The attribute slots and the payload slots are completely independent. You don’t need to worry about which registers they use, they will never overwrite each other. The compiler takes care of register allocation, just like with local variables, you never need to think about it.

In this case it doesn’t matter whether optixTrace synchronizes(*). If you use different payload types conditionally, your payloads cannot be overwritten by other threads or by subsequent trace calls in the same thread (unless you have bugs or confuse which payload type you’re writing to in your own code). The code sample you wrote will work just fine with no problems, there will be no crossover or possibility of getting the wrong payload type, as long as you manage your payload type correctly, and you tell your shaders which payload type you’ve passed. OptiX is a single thread programming model, meaning you aren’t required to consider what other threads are doing, and you don’t need to think about thread synchronization in the CUDA sense.

Think about your code just like you would think about host code. The two optixTrace calls in your sample are completely independent, the scope of the payload slots is limited to the trace call, so they don’t overlap. Just think of the payload slots as arguments to optixTrace; once the call returns, the payload slots belonging to it no longer exist. There is no possibility for your shdprd to be confused for a radprd by OptiX.

(*) If conditionA is evaluated at run-time, then the likely outcome is threads in a warp that evaluate conditionA to false will be idle while other threads run the first block with traceRadiance. There is some synchronizing under the hood intended to improve performance, but that doesn’t affect your payloads in any way. Whatever synchronization happens is not relevant to the question of which payload is being used.
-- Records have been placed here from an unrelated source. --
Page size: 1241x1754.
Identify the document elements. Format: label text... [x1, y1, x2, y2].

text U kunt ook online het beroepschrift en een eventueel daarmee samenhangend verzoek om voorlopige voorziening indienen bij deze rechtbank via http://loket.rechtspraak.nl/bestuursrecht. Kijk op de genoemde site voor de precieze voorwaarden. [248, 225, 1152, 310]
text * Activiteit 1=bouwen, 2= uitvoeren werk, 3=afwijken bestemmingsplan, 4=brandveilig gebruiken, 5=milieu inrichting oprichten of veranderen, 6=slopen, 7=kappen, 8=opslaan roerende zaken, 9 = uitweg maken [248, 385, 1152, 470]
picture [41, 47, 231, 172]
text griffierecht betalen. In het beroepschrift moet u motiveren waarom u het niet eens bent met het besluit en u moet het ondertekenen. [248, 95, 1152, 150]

Does that make sense? Maybe we’ve made it look a little scary or confusing at first glance, but I guess the payload usage is easier and safer than what you’re thinking. I’d recommend taking some time to peruse through the programming guide and play with the SDK samples, it will become clearer.


David.

1 Like

Thank you @dhart, now everything makes perfect sense. I was stuck thinking that the OptiX system needed to be synchronized and treated like CUDA code within a given program. What you said cleared it all up.
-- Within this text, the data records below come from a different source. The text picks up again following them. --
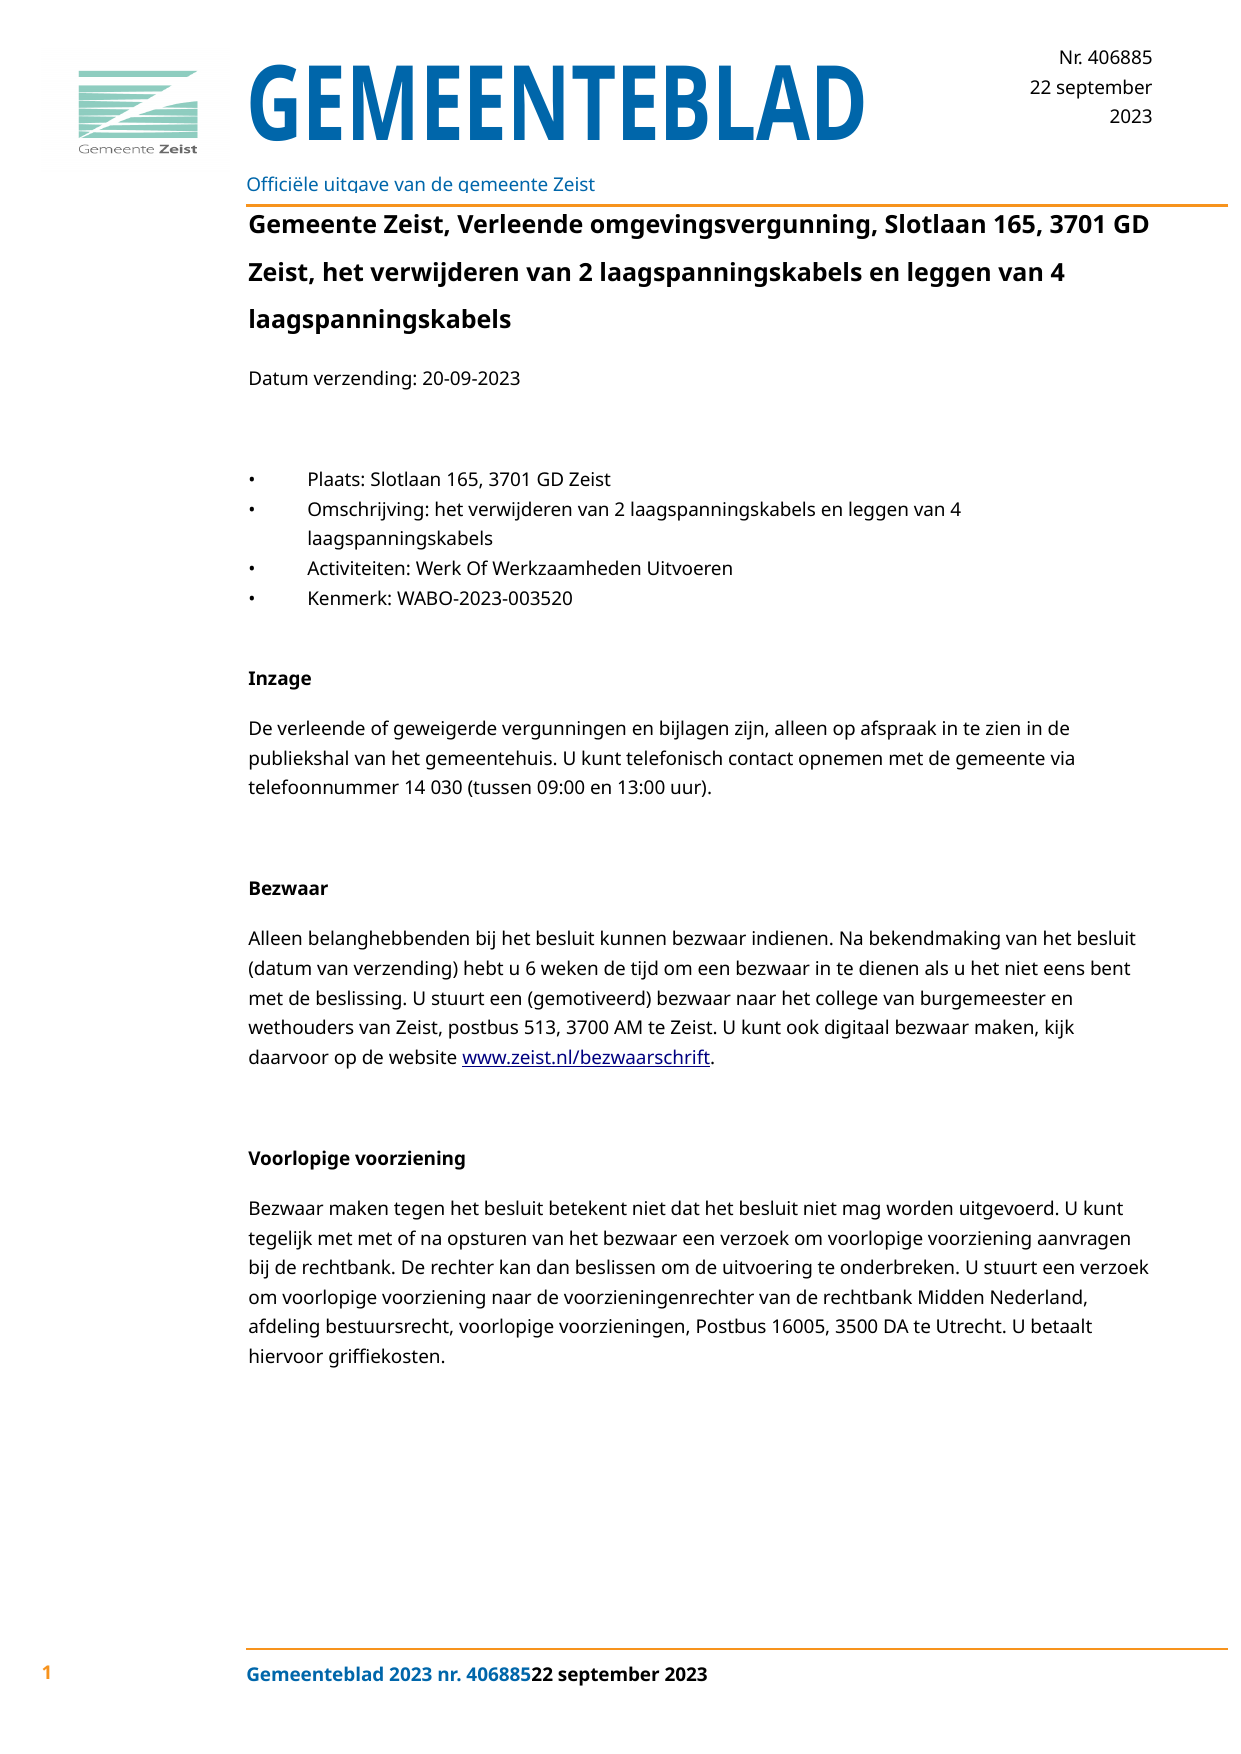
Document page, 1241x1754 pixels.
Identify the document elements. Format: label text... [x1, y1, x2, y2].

text Gemeente Zeist, Verleende omgevingsvergunning, Slotlaan 165, 3701 GD Zeist, het verwijderen van 2 laagspanningskabels en leggen van 4 laagspanningskabels [248, 207, 1152, 336]
list Kenmerk: WABO-2023-003520 [248, 585, 1152, 610]
picture [41, 47, 231, 172]
list Plaats: Slotlaan 165, 3701 GD Zeist [248, 466, 1152, 492]
text De verleende of geweigerde vergunningen en bijlagen zijn, alleen op afspraak in te zien in de publiekshal van het gemeentehuis. U kunt telefonisch contact opnemen met de gemeente via telefoonnummer 14 030 (tussen 09:00 en 13:00 uur). [248, 715, 1152, 800]
text Inzage [248, 665, 1152, 690]
text Bezwaar maken tegen het besluit betekent niet dat het besluit niet mag worden uitgevoerd. U kunt tegelijk met met of na opsturen van het bezwaar een verzoek om voorlopige voorziening aanvragen bij de rechtbank. De rechter kan dan beslissen om de uitvoering te onderbreken. U stuurt een verzoek om voorlopige voorziening naar de voorzieningenrechter van de rechtbank Midden Nederland, afdeling bestuursrecht, voorlopige voorzieningen, Postbus 16005, 3500 DA te Utrecht. U betaalt hiervoor griffiekosten. [248, 1195, 1152, 1369]
list Activiteiten: Werk Of Werkzaamheden Uitvoeren [248, 555, 1152, 581]
text Alleen belanghebbenden bij het besluit kunnen bezwaar indienen. Na bekendmaking van het besluit (datum van verzending) hebt u 6 weken de tijd om een bezwaar in te dienen als u het niet eens bent met de beslissing. U stuurt een (gemotiveerd) bezwaar naar het college van burgemeester en wethouders van Zeist, postbus 513, 3700 AM te Zeist. U kunt ook digitaal bezwaar maken, kijk daarvoor op de website www.zeist.nl/bezwaarschrift. [248, 926, 1152, 1069]
text Voorlopige voorziening [248, 1145, 1152, 1170]
text Datum verzending: 20-09-2023 [248, 366, 1152, 391]
text Bezwaar [248, 875, 1152, 901]
list Omschrijving: het verwijderen van 2 laagspanningskabels en leggen van 4 laagspanningskabels [248, 496, 1152, 551]

Thanks David, I couldn’t have said it better. That’s exactly why I did it that way.

You can of course change the union and function arguments from PerRayData* to void* and have exactly the same functionality with more flexibility if you really need to encode pointers to different structures.

All that example code is there to give ideas to learn from and not at all the only way things can be done.
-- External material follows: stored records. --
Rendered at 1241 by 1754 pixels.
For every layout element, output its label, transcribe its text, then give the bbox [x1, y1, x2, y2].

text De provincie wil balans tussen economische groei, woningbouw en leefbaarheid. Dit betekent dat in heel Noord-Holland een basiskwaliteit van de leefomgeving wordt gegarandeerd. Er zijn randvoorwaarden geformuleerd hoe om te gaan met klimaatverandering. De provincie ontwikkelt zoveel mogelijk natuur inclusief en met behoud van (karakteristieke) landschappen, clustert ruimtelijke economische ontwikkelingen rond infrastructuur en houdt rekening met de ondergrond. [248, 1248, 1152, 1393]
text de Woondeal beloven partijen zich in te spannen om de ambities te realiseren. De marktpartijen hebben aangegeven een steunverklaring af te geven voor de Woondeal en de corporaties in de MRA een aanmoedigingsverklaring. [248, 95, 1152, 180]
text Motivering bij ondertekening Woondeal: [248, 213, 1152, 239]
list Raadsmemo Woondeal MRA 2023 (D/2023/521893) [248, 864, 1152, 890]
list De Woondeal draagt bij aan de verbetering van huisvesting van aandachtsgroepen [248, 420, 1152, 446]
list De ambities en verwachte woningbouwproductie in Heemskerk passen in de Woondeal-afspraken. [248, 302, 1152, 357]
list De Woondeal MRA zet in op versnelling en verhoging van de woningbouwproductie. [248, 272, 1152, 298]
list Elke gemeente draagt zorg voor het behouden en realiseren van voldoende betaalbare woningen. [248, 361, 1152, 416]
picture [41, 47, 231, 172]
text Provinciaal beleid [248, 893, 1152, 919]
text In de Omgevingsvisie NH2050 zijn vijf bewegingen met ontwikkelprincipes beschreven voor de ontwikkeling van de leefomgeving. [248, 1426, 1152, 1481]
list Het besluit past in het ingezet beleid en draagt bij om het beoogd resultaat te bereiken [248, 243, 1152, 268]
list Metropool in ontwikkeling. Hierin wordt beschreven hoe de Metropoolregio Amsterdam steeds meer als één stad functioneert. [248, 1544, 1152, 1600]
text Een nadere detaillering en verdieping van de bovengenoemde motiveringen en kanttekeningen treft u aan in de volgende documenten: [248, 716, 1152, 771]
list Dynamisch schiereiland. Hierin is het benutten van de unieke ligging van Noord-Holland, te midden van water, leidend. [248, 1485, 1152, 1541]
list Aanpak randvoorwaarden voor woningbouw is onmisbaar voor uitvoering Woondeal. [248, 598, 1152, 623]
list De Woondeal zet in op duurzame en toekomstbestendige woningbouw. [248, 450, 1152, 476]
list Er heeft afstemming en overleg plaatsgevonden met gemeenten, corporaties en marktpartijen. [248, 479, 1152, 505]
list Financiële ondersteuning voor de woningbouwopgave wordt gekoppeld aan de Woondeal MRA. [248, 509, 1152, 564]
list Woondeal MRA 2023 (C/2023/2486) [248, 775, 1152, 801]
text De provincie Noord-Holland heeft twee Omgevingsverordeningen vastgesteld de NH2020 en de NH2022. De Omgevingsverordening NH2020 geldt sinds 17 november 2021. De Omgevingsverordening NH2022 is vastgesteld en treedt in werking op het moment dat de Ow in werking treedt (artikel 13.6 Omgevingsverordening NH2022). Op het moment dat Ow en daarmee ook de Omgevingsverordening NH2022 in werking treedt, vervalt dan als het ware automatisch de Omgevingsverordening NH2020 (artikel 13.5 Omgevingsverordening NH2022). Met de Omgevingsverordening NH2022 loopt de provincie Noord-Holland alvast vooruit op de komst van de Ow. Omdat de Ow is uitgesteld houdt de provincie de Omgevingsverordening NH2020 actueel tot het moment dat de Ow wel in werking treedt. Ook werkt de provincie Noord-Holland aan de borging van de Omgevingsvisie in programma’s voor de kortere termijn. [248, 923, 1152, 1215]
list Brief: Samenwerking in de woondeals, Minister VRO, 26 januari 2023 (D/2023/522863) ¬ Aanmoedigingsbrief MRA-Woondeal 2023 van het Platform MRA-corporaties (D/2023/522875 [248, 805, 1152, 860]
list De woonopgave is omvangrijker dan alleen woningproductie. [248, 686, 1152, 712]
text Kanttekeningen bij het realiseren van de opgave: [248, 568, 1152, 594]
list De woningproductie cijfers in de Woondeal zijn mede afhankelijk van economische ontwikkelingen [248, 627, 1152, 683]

I know that my method of setting the shadow flag inside the PerRayData (PRD) is not the most optimal way in that suite of examples, but that comes from a much more advanced renderer which can calculate cutout opacity from procedural expressions which requires more state stored inside the PRD struct, and then I just left the shadow flag method as it was merely for code continuation reasons, in case I ever improve the example renderer capabilities in the future.